Big companies go through cycles where they centralize decision making (adding bureaucracy, slowing innovation) and then they realize they have gone too far so they announce they are moving decision making to small teams in the field.

But the change is usually small and they cycle back to centralized decision making soon enough.

Some big companies do this (act small) better than others (like Apple), but it’s very hard as you get big.

37signals should stay under 10 people and make fewer than 10 products. Despite the excellent themes in your book, it will become increasingly difficult to follow if you get bigger.

Thanks.

Mike 06 Mar 06

I’m all for less meetings but not crazy about the customer telling me what is wrong with my product. So often, you have one shot at winning a customer and if the product doesn’t function correctly, they will go someplace else.

scott 06 Mar 06

…and subsequently return as soon as you fix whatever was broken. and likely become fans of your company in the process, not just your product.

i mean exactly how many customers react negatively to a company that responds to their needs?

Edmundo 06 Mar 06

What is the difference between start.com and live.com? One looks more like the google personalized home than the other, but other than that…

Mike 06 Mar 06

Scott
…and since they have likely purchased a functioning product from somebody else, how exactly do you plan to re-win them over? Undercut on pricing? Other incentives? You’ve already lost the opportunity at that point.

Danno 06 Mar 06

Honest question: How does this mesh with the no betas mindset?

I mean, I thought beta meant feature complete but with various grotty spots?

Isn’t the idea of Just Shipping It very close to releasing a beta?

Greg 06 Mar 06

Nice - 37signals is taking advise from Microsoft (who I personally don’t believe is as evil or bad as 37signals makes them out to be).

This post makes me very happy.

scott 06 Mar 06

Mike:
if they bought your product, stopped using it because they disliked it, and bought another, why wouldn’t they do so again?
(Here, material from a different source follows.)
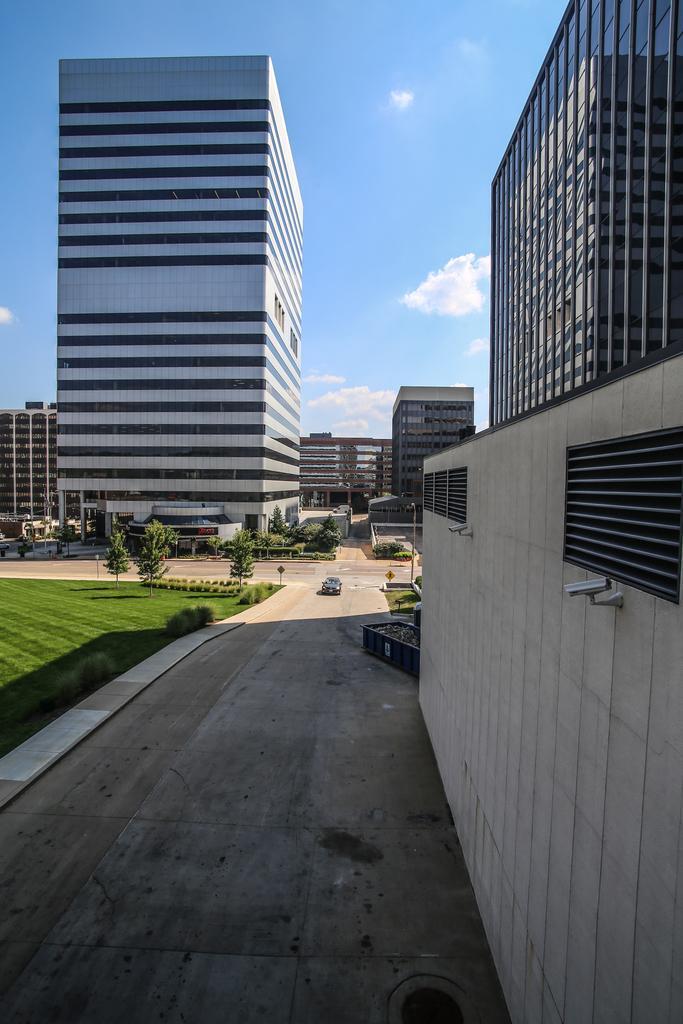Can you describe this image briefly? In this image I can see few buildings. I can see few trees. On the left side I can see some grass on the ground. I can see a vehicle on the road. On the right side I can see a wall. At the top I can see clouds in the sky.

if company B had a better product in the first place it wouldn’t be your customer to win back.

maybe you’re focusing too much on the short term?
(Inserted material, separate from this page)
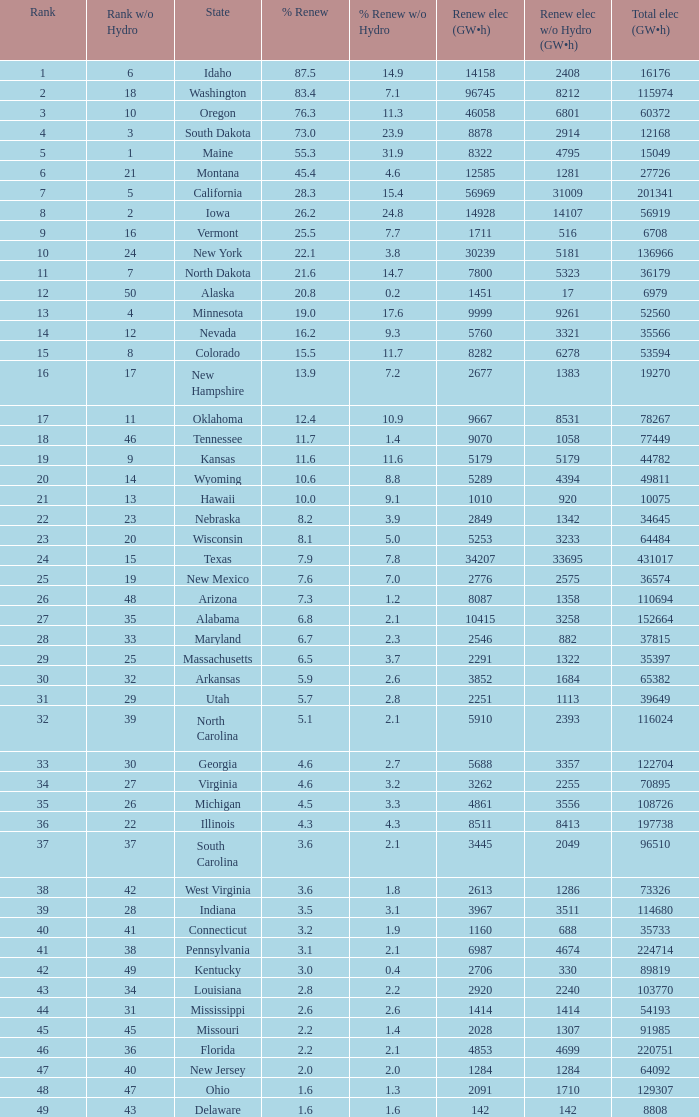In south dakota, what proportion of the renewable electricity excludes hydrogen power? 23.9.

all software requires upgrades. when a customer shops around for the latest version, you can be ready and waiting with a product that addresses all of their concerns, or you can bitch about how you never get a second chance to make a first impression (and other tiresome, outmoded cliches).

with a subscription model, you’ve got a month to regain their confidence and business. hell, they don’t even have to be looking for the latest version; provided when they signed up you gave them the option of receiving news about your software, you can email them a little heads up that you heard their complaints, addressed them, and here’s a free trial to see for themselves.

or you can pretend it’s all hopeless and no one ever tries something twice.

a scientist 07 Mar 06

@scott: “all software requires upgrades.”

you know, i’ve been thinking about this particular supposition for quite a few years now. when is software “done?” is there ever a point when a company should say, “that’s it. it’s done.”

i’d like to know if the signals think that basecamp or backpack will ever be “done” or if that’s a goal. or if it’s possible at all. is “done” a part of “getting real?”

it seems to me that the “less” line of thinking feeds directly into a terminal end. i think “done” is a good thing. for example, to the end user goggle search is “done.” it works how it works. there may be technical improvements that users don’t see, but the functionality is done.

thoughts?

scott 07 Mar 06

if it’s functional, it requires maintenance.

users change. the environment changes. requirements change.

time reveals security issues, usability issues, growth issues, et al.

the “less” line of thinking doesn’t imply “terminal”; it means recognizing and doing what is required at this time.

why refuse to rely on the strength of adaptability?